Games are structured to make the player identify as much as possible with their character. To that end, a lot of classic video game characters are deliberately left pretty bland. Doomguy, the classic FPS hero space marine, is given few characteristics aside from his gender, but the first-person view and empty characterization makes him effectively a suit for the player to wear. A bland muscular white dude suit, one size apparently fits all. We don’t know much about Doomguy’s inner life, but we wince every time an enemy projectile hits and he goes ‘oof!’
As games become more complex and ambitious, there’s a tendency to leave behind the bland everyman protagonists of yesteryear in favor of more developed, specific characters. Blizzard’s strategy games had army commanders so abstract as to be almost nonentities, but WarCraft 3 and StarCraft 2 instead featured distinct hero units such as Arthas, Thrall, Jim Raynor and Sarah Kerrigan as faction leaders and player characters. The protagonists of the Grand Theft Auto series also underwent this progression towards more complex lead characters as the tone of the games became more serious.
But the trouble with the trend towards more specific characters is that as much as they are crafted to be endearing, they lose some of the potential for immersion that makes video games so special. One way to capture that magic is the customizable, create-your-own type characters favored by the #RPG genre.
Play The Same

The obvious way to go with a game with a character creation system a la Bethesda’s Elder Scrolls or #Fallout titles would be to make a character that represents yourself. This can be a godsend if you want to see yourself (or, given what goes on in video games, a stronger, fitter, braver version of yourself with magic powers) represented in-game. Given that AAA video game protagonists tend to heavily skew towards the stubbly and melanin-deficient, finding one that you can relate to in appearance can be tough.
Aside from appearance, a detailed game will also give the player control over the character’s background and personality. So you can put even more than your looks into the game, but make choices that agree with your personal outlook. Depending on how linear the game is, this could mean the choice of a few different dialogue quips before you waste the megademon boss, or result in a dramatically different story.
Playing as yourself has a couple of things to recommend it. It’s comfortable, natural and immersive, plus it gives people who don’t get a lot of representation in the range of predefined protagonists to see themselves in-game. But as well as the immersive experience of playing oneself, it can be even more fun to flip it around and play against type.
Play Different

Another approach is go the opposite route and make characters that are deliberately different from our real-life selves. I’m as susceptible to the wonderful ego massage that is playing a surrogate character as anyone else, but I also like to change it up and play characters of different race, sex, or sexual orientation from me. In this case the appeal isn’t necessarily heightened immersion, but just the creative fun of imagining characters distinct from myself.
I know at least one guy who always creates heroines that match up to a certain fictional crush of his, and a girl who always recreates families that she knows from real life when she plays The Sims, but never her own. We’ve all got different reasons why we tend to customize characters in a certain way, all more varied that the more universal egocentric power fantasy of playing a character like ourselves.

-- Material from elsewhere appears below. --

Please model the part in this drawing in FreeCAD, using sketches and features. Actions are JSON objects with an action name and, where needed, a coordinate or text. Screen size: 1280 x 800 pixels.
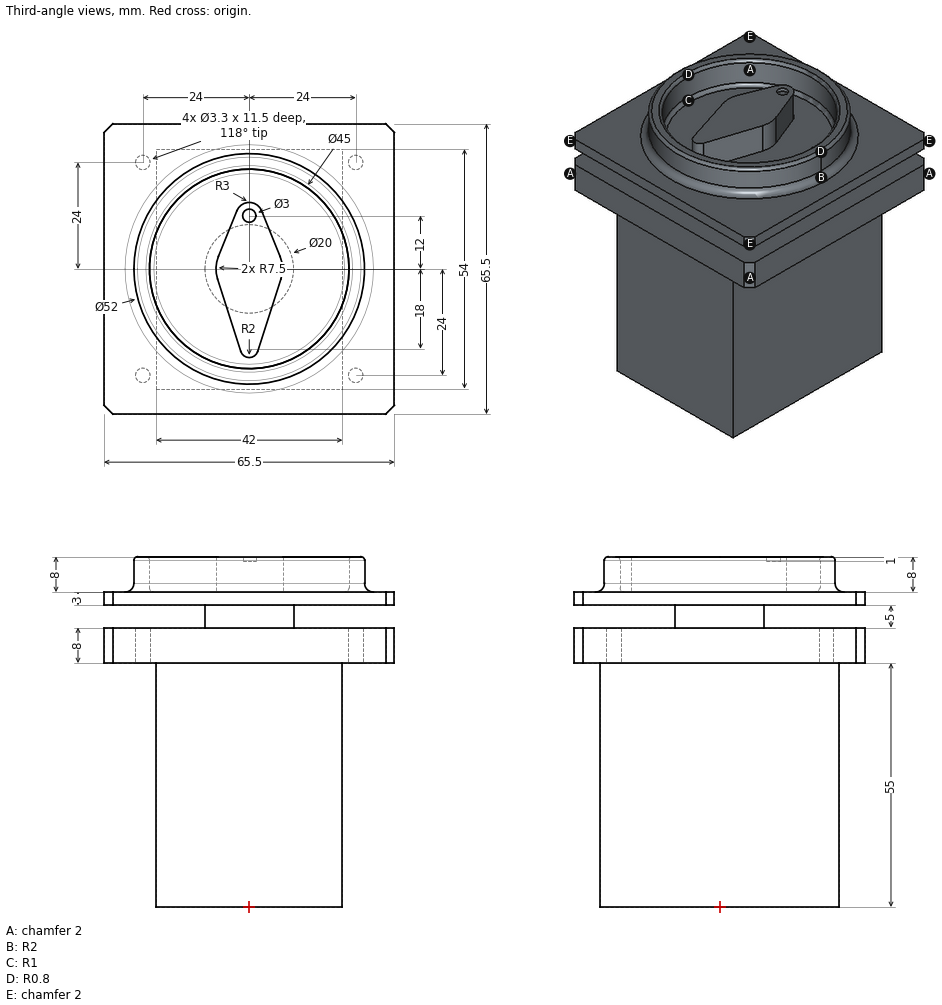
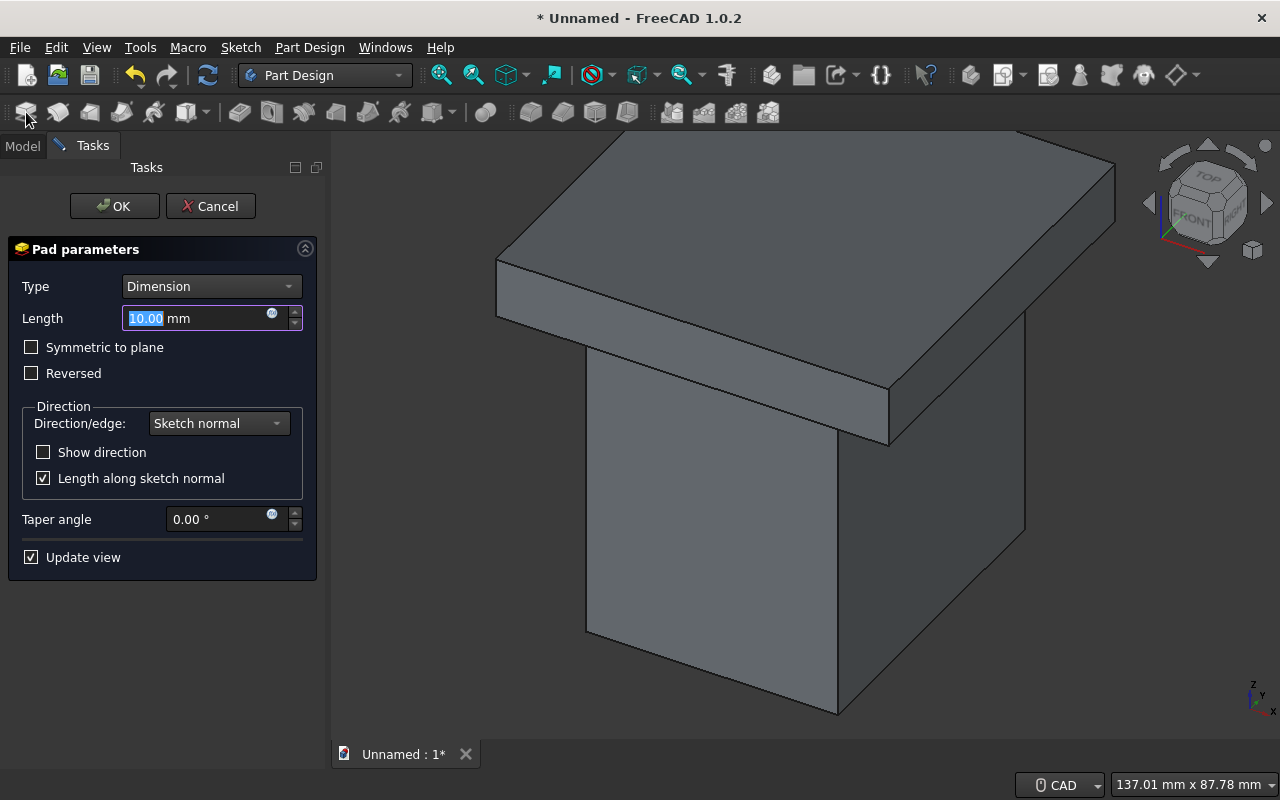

Playing against one’s usual type also has the benefit of expressing some aspects of our personality that we don’t get to show often in real life, and exercising our empathy for people different than us. To some individuals, video games can be the way they first get to explore trans identity, to others it can open them up to the experience of playing an oppressed minority or class, depending how the game world treats the different options available to the player.
This kind of variety of experience, when done right, can add huge replayability to a game. When a game has both character customization and a lot of reactivity to one’s character creation in-game, then you can guarantee that I will be running through it a few times just to see the different content available. Unfortunately even games with detailed character customization can fall short of actually letting you BE the character you imagine.
Good Created Characters Are Tricky To Get Right, Who Does It Best?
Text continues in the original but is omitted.